Items listed in a dataset
= = =

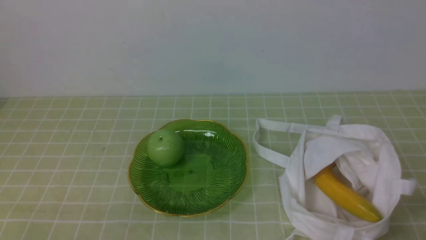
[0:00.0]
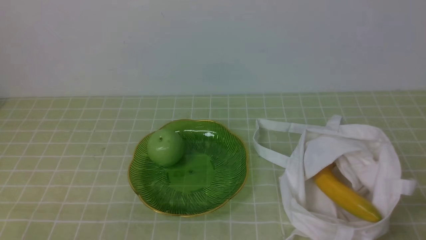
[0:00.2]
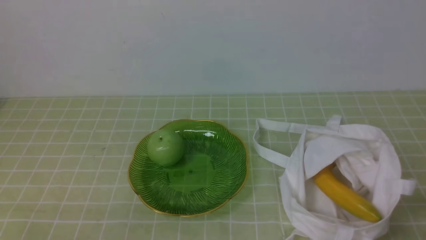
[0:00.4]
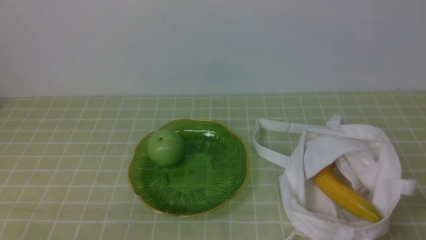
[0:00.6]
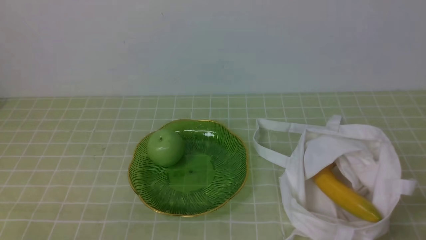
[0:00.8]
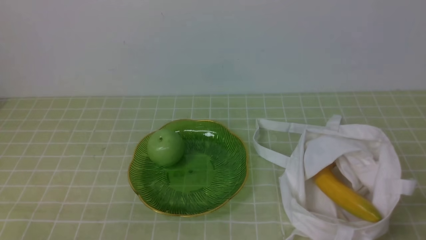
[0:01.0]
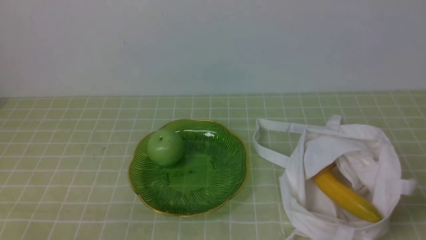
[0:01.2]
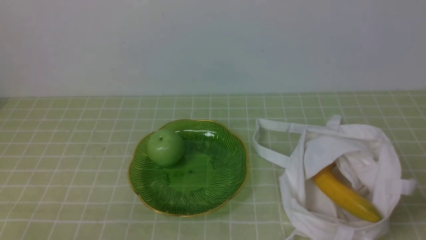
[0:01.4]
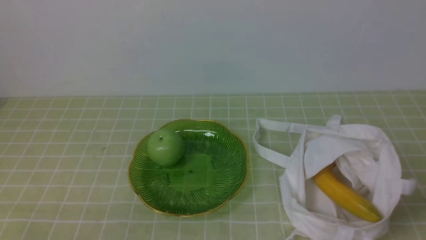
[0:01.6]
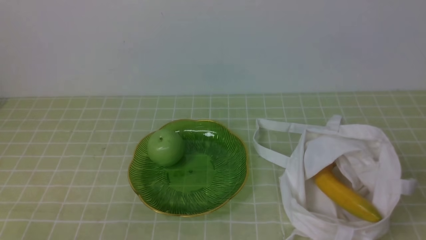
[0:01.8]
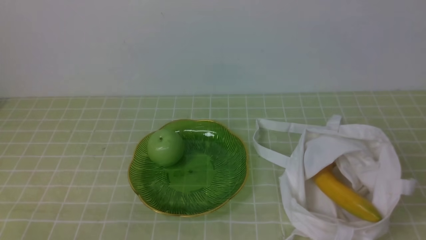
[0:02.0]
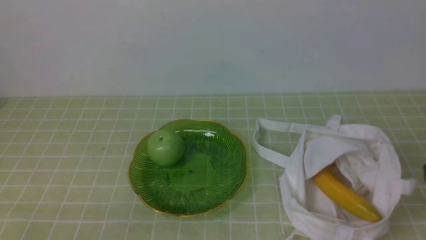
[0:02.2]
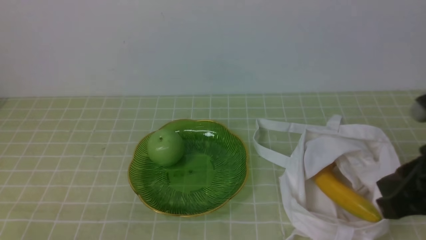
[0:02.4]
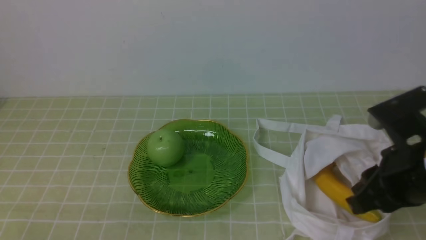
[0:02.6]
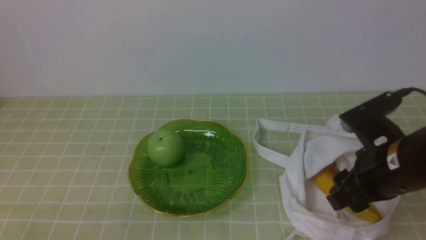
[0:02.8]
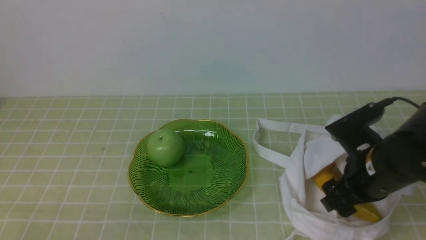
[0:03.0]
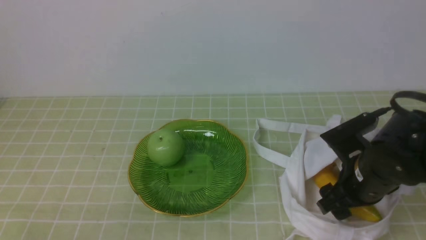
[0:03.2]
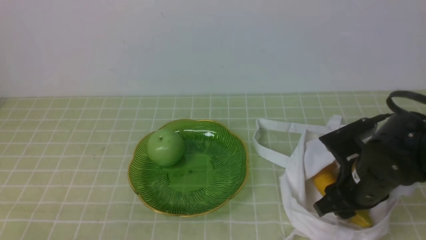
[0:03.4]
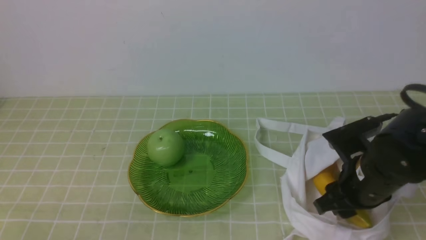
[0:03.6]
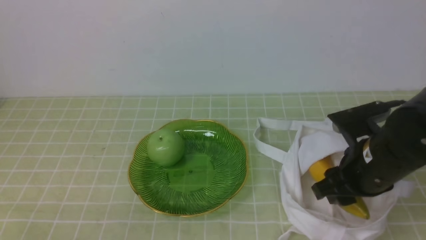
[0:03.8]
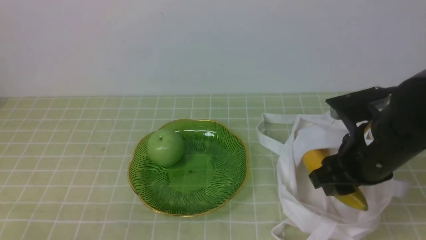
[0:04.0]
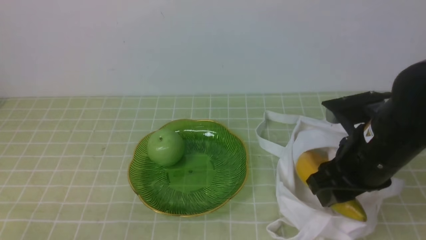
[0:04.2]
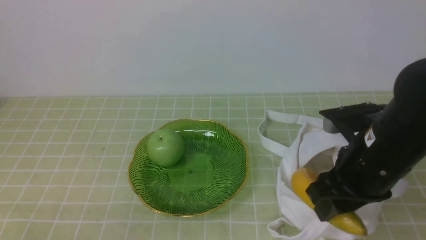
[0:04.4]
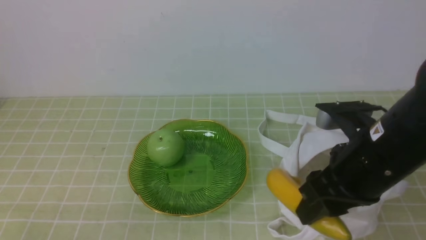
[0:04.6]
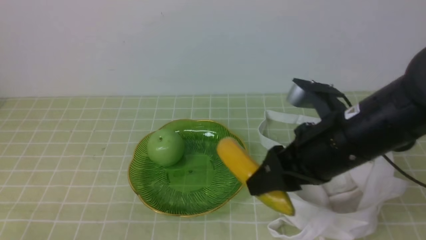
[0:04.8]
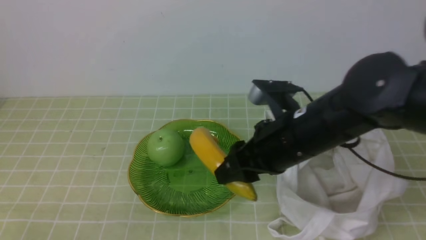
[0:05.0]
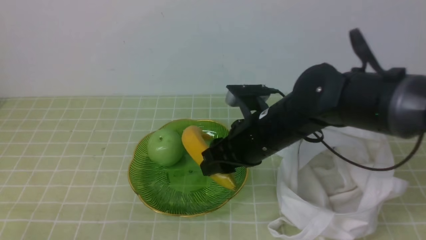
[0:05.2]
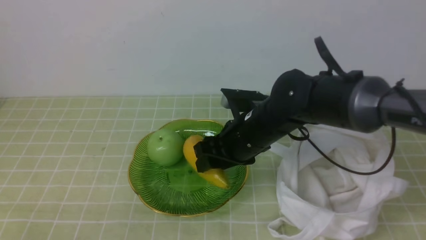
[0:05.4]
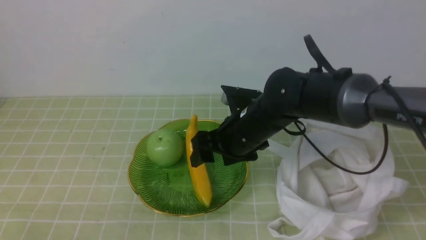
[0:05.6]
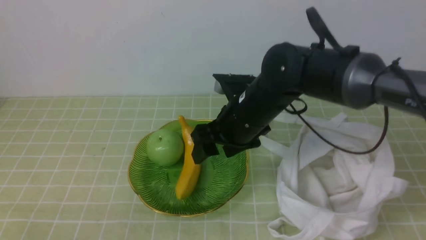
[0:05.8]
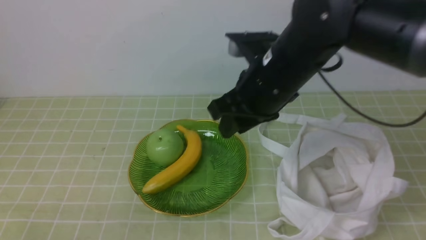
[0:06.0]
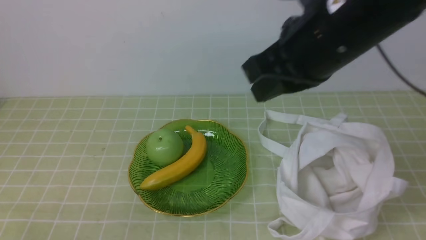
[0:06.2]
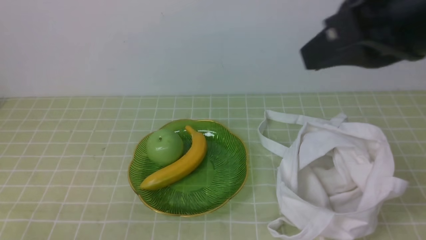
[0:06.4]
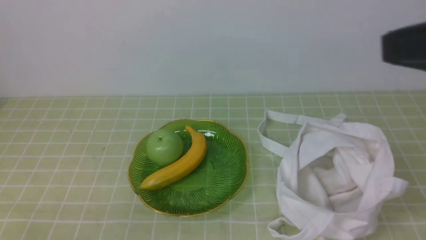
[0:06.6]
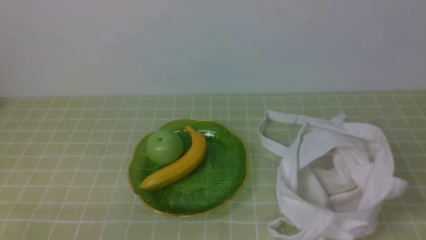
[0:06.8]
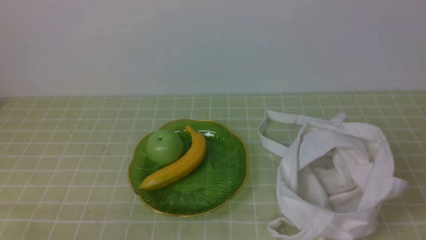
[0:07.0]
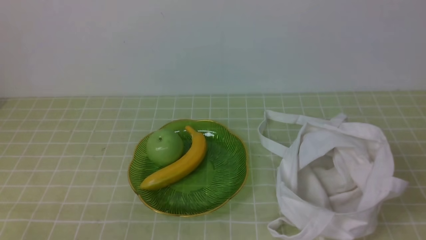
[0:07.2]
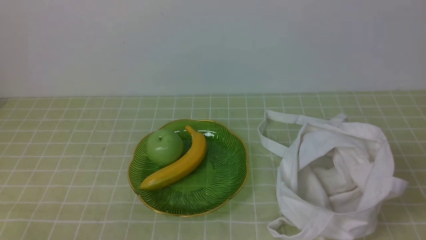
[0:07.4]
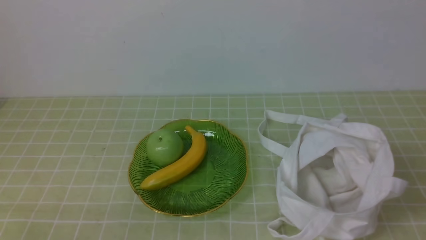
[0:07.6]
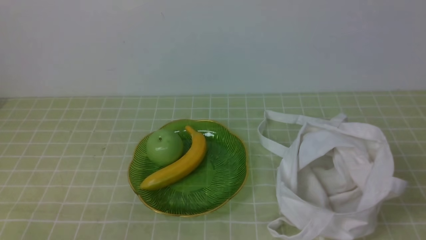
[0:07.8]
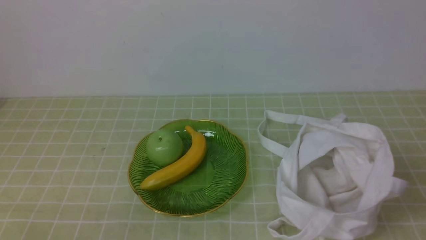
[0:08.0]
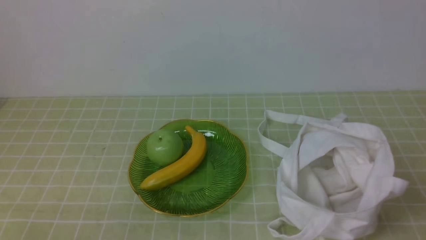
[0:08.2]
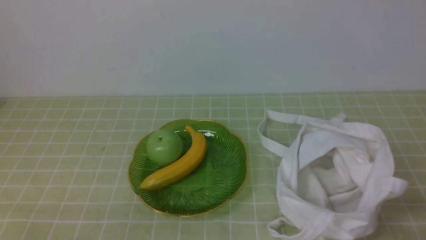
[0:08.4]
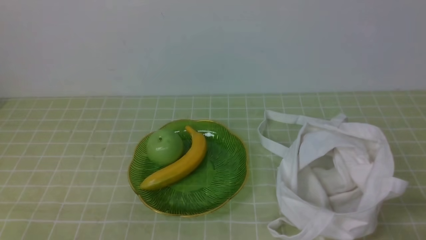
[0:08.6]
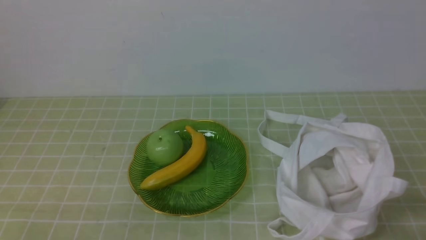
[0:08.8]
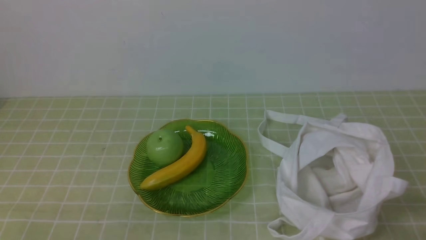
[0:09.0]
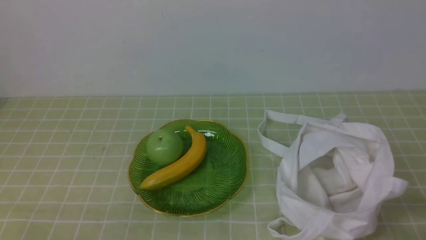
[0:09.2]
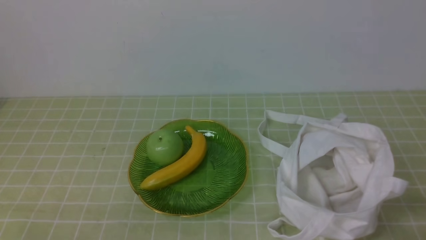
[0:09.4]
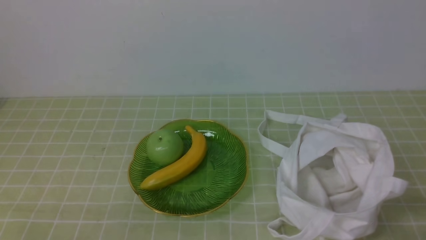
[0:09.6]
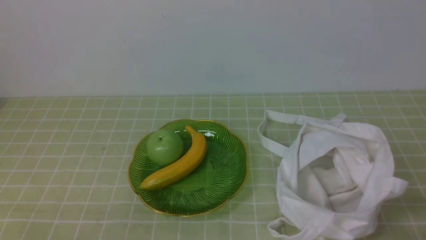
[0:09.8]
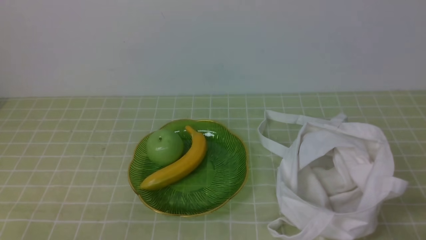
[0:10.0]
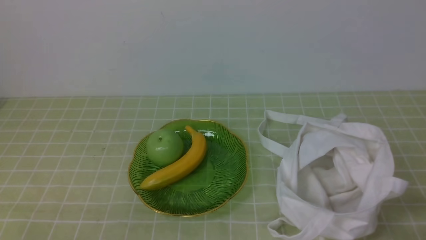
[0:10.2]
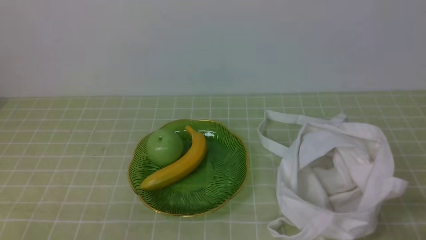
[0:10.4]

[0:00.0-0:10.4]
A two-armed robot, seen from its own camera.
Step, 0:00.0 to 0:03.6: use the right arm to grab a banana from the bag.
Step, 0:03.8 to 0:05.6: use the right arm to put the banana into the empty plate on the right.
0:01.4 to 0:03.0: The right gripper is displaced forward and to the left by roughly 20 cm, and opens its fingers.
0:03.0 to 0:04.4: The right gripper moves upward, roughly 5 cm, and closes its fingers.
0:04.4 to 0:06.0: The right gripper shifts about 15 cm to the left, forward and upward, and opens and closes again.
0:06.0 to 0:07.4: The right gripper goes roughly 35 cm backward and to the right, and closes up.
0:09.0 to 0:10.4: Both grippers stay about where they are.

= = =

Problem details:
Give the data above back unchanged, except for the pictures.

Result of this exercise:
[0:00.0]
[0:00.2]
[0:00.4]
[0:00.6]
[0:00.8]
[0:01.0]
[0:01.2]
[0:01.4]
[0:01.6]
[0:01.8]
[0:02.0]
[0:02.2]
[0:02.4]
[0:02.6]
[0:02.8]
[0:03.0]
[0:03.2]
[0:03.4]
[0:03.6]
[0:03.8]
[0:04.0]
[0:04.2]
[0:04.4]
[0:04.6]
[0:04.8]
[0:05.0]
[0:05.2]
[0:05.4]
[0:05.6]
[0:05.8]
[0:06.0]
[0:06.2]
[0:06.4]
[0:06.6]
[0:06.8]
[0:07.0]
[0:07.2]
[0:07.4]
[0:07.6]
[0:07.8]
[0:08.0]
[0:08.2]
[0:08.4]
[0:08.6]
[0:08.8]
[0:09.0]
[0:09.2]
[0:09.4]
[0:09.6]
[0:09.8]
[0:10.0]
[0:10.2]
[0:10.4]

[0:00.0-0:10.4]
A two-armed robot, seen from its own camera.
Step, 0:00.0 to 0:03.6: use the right arm to grab a banana from the bag.
Step, 0:03.8 to 0:05.6: use the right arm to put the banana into the empty plate on the right.
0:01.4 to 0:03.0: The right gripper is displaced forward and to the left by roughly 20 cm, and opens its fingers.
0:03.0 to 0:04.4: The right gripper moves upward, roughly 5 cm, and closes its fingers.
0:04.4 to 0:06.0: The right gripper shifts about 15 cm to the left, forward and upward, and opens and closes again.
0:06.0 to 0:07.4: The right gripper goes roughly 35 cm backward and to the right, and closes up.
0:09.0 to 0:10.4: Both grippers stay about where they are.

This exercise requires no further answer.